> RECORD EXTRACTS:
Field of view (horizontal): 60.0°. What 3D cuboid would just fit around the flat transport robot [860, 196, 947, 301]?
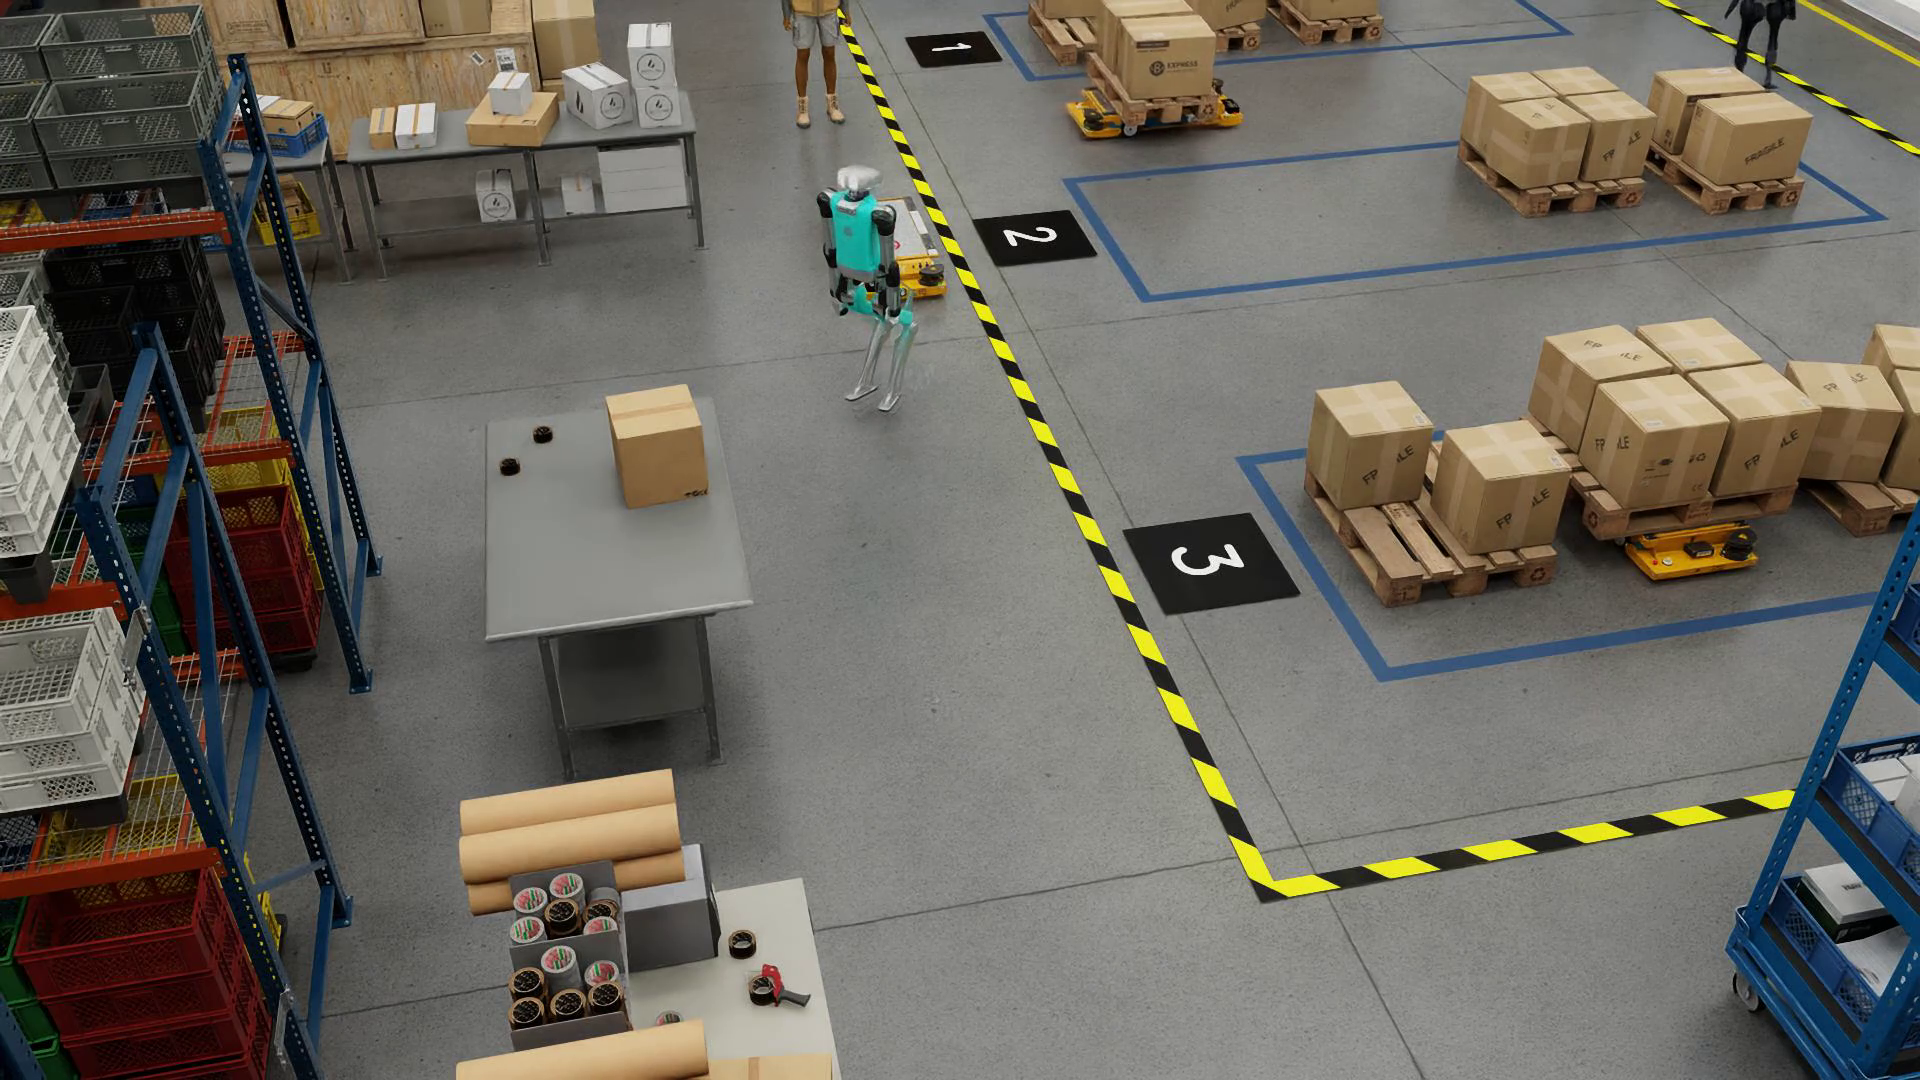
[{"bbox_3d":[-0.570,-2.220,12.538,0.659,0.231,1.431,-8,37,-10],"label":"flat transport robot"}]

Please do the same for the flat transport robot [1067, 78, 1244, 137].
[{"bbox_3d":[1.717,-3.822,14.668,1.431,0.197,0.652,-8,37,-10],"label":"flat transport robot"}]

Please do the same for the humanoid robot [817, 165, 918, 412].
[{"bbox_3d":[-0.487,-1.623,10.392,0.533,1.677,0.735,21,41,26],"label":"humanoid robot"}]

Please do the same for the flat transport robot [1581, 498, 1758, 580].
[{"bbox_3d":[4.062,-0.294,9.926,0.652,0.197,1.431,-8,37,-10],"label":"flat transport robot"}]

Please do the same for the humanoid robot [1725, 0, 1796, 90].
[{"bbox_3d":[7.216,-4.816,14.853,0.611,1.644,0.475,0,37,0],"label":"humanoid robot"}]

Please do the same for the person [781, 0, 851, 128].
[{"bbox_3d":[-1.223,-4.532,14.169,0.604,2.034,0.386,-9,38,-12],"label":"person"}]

> AIM OF THE EXERCISE: If a record above contains a picture, leave the picture out and transcribe everything else exactly.

> RESULT:
Field of view (horizontal): 60.0°. What 3D cuboid would just fit around the flat transport robot [860, 196, 947, 301]?
[{"bbox_3d":[-0.570,-2.220,12.538,0.659,0.231,1.431,-8,37,-10],"label":"flat transport robot"}]

Please do the same for the flat transport robot [1067, 78, 1244, 137].
[{"bbox_3d":[1.717,-3.822,14.668,1.431,0.197,0.652,-8,37,-10],"label":"flat transport robot"}]

Please do the same for the humanoid robot [817, 165, 918, 412].
[{"bbox_3d":[-0.487,-1.623,10.392,0.533,1.677,0.735,21,41,26],"label":"humanoid robot"}]

Please do the same for the flat transport robot [1581, 498, 1758, 580].
[{"bbox_3d":[4.062,-0.294,9.926,0.652,0.197,1.431,-8,37,-10],"label":"flat transport robot"}]

Please do the same for the humanoid robot [1725, 0, 1796, 90].
[{"bbox_3d":[7.216,-4.816,14.853,0.611,1.644,0.475,0,37,0],"label":"humanoid robot"}]

Please do the same for the person [781, 0, 851, 128].
[{"bbox_3d":[-1.223,-4.532,14.169,0.604,2.034,0.386,-9,38,-12],"label":"person"}]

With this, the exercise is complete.